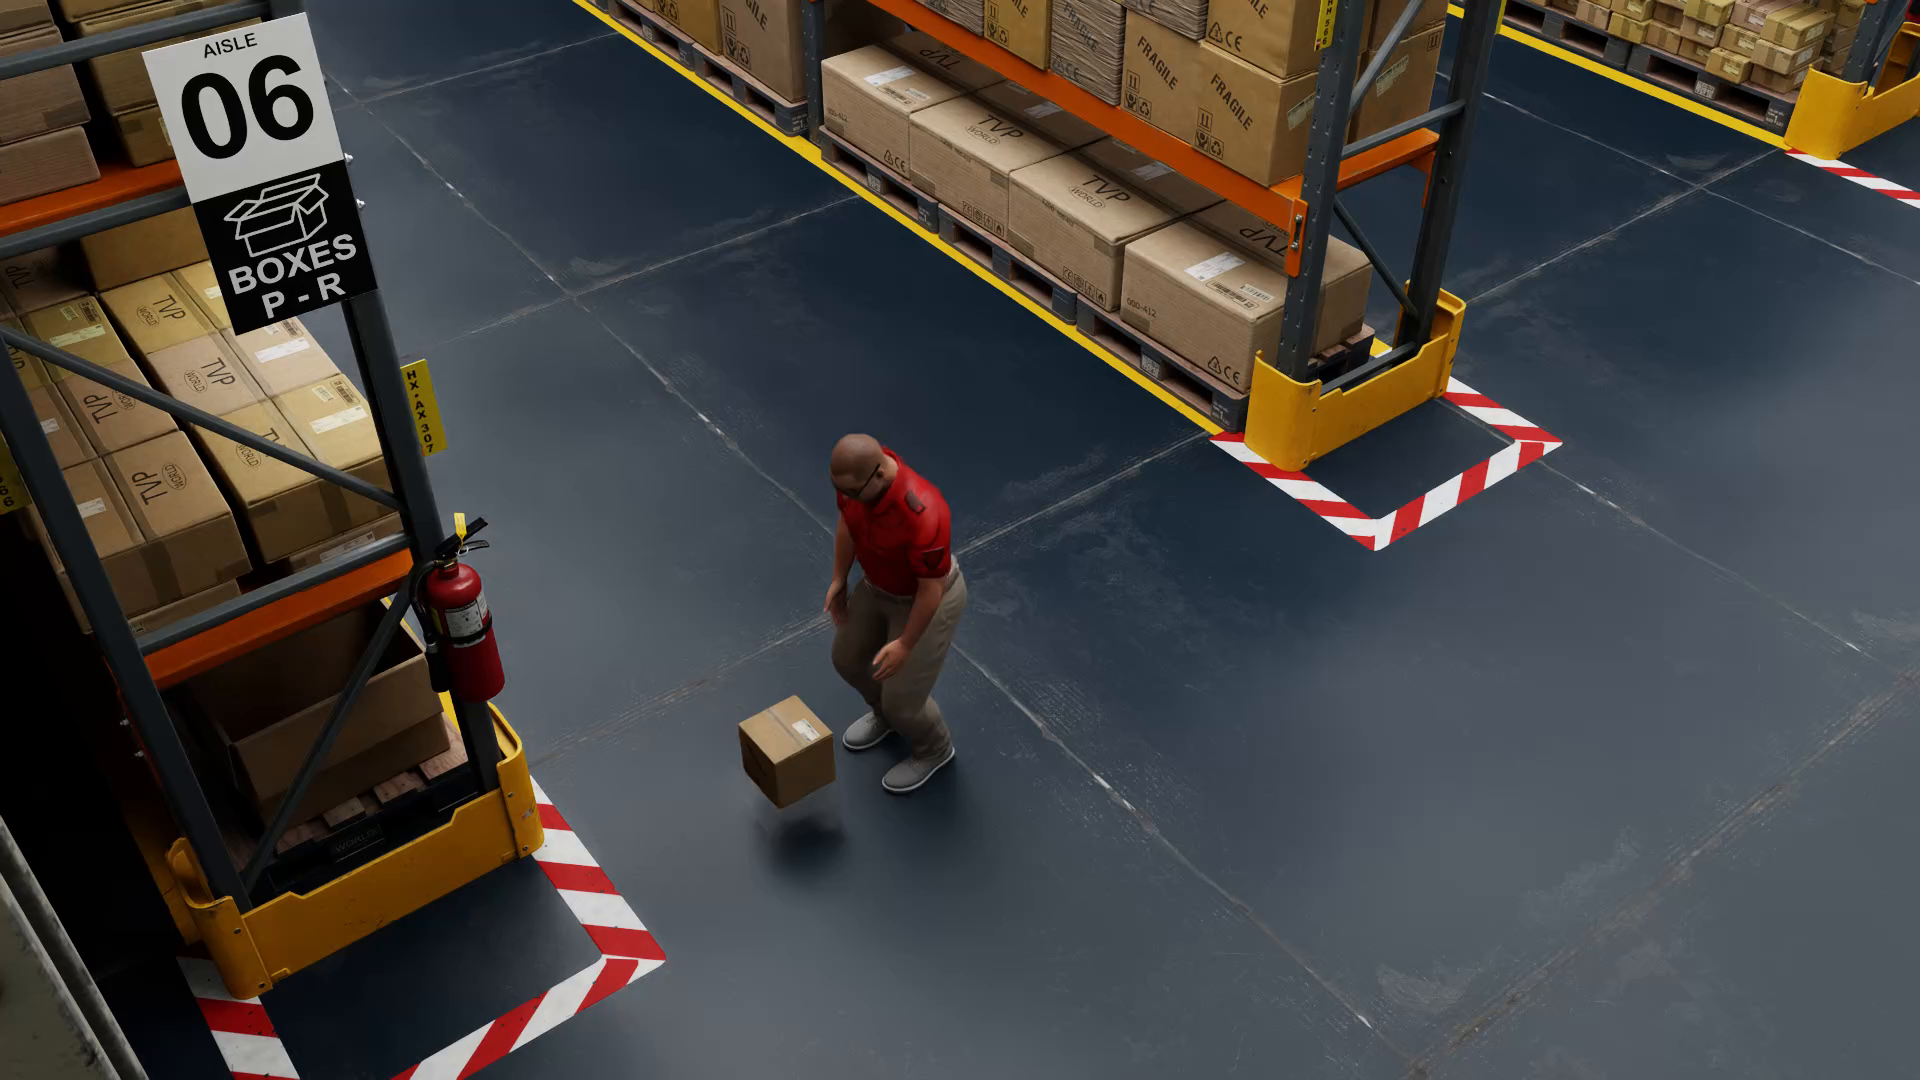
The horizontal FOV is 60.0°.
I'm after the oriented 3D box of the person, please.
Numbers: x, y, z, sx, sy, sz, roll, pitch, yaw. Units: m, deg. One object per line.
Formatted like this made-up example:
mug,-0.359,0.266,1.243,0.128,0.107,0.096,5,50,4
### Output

════════

» **EXERCISE DETAILS**
Exclude all images, then retype the records above without alteration.

» **COMPLETED TASK**
The horizontal FOV is 60.0°.
I'm after the oriented 3D box of the person, please.
Numbers: x, y, z, sx, sy, sz, roll, pitch, yaw. Units: m, deg. One object per line.
Formatted like this made-up example:
mug,-0.359,0.266,1.243,0.128,0.107,0.096,5,50,4
### Output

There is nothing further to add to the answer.